Mankind is only ‘pumping’ into the atmosphere a very small fraction of the carbon dioxide that was removed from the atmosphere and fixed underground in past times by natural process as fossil fuels, when C02 concentration was up to five or six times higher.
So which is the ‘correct’ amount, 1 800ppm in the Jurassic Age or the 421 ppm it is now? There was no runaway Planet-ending global warming during the Jurassic Period, and in fact ice ages followed. How so?
During ice ages CO2 is at a minimum – fixed in frozen water. So how does the Earth warm up if CO2 is the magic ‘greenhouse’ gas? With high CO2 concentrations in other times, how does the Earth cool down?
Below 200ppm plant life starts to die. Plant life grows faster and more copiously above 1 000 ppm. Commercial green houses and plant nurseries maintain and concentration at around 1 200 ppm to accelerate plant growth and produce more robust plants.
The entire climate change ‘science’ is bogus. It’s a scam.
‘rhoda, it is currently at around 420ppm.’
Interesting Addolff. I understood it was about half that before the rise took place. If collapse takes place at 170 ppm, it was getting a little low.
Dear old Gaia obviously had the right idea in creating us to dig up all that fossil carbon and burn it.
John B et al. Are you aware of Joe Bastardi?
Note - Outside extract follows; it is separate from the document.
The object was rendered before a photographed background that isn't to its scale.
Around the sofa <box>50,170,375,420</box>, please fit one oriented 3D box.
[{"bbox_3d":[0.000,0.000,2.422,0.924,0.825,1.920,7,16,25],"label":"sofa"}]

He is a metereologist (WeatherBell) who looks at current conditions and compares them to past events and tries to give a hint (don’t want to use the word ‘prediction’) on his ‘Saturday Summary’ about the weather over the upcoming weeks / months.
He believes the whole CO2 stuff is bollox but has recently been looking at sea surface temperatures and the very close correlation to seismic activity since the mid 1980’s. Not his data, a Dr. Arthur Vitorito.
Scroll down the page. https://www.weatherbell.com/#featured. For those with a 5 second attention span or dislike of show music, go to the 2.30 minute mark
More than once, in geological time, we’ve seen a ‘snowball earth’, where the ice sheets have covered the entire planet. The very high albedo this creates keeps the temperatures in the deep freeze – the planet only escaped from this condition when massive eruptions released sufficient CO2 to raise temperatures enough to start a big melt.